Despite all that, Bane had once again risked his life to save hers. Now he was dying for that choice, dying for her. And despite the power coursing through her, she couldn’t save him—not like he’d saved her.
“Don’t watch,” Bane said.
Garrot was breathing hard. “Make her watch.”
The druid holding her pinned the back of her head against his chest.
Bane shook his head and mouthed, “Don’t watch.”
He was still trying to protect her. He didn’t want her to have this memory of him to carry for the rest of her life.

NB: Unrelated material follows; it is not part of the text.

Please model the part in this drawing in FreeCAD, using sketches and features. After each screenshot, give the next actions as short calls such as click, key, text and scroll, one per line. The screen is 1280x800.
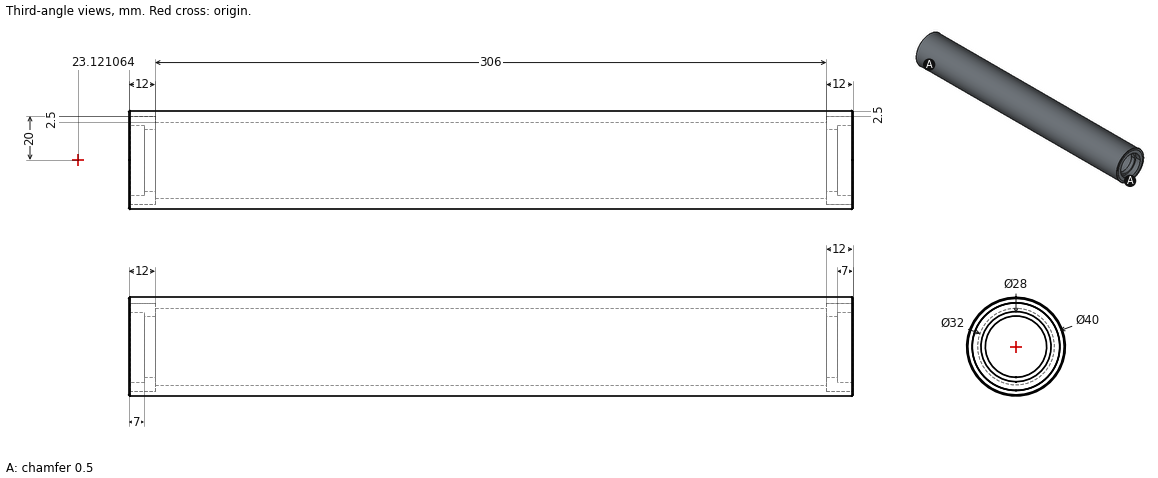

But she would gladly carry it, so he wasn’t alone in these last moments.
“Please,” he mouthed, and the pleading on his face … She closed her eyes. It was the best she could give him. She would not watch his death, but she would not let him face it alone either.
She waited, dreading the moment when the trapdoor snapped. When it came, even the crowd’s shouts couldn’t drown out the crack of Bane’s neck. And then she had to see. Had to know if it had really happened. She opened her eyes—only for a moment. It was enough to sear the image into her memory for the rest of her life.
Larkin dropped as if her knees had been cut out from under her. The druid’s arms around her kept her from falling. I couldn’t save you, she screamed in her head, for she would never give Garrot the satisfaction of knowing how deeply he’d wounded her. I’m so sorry I couldn’t save you.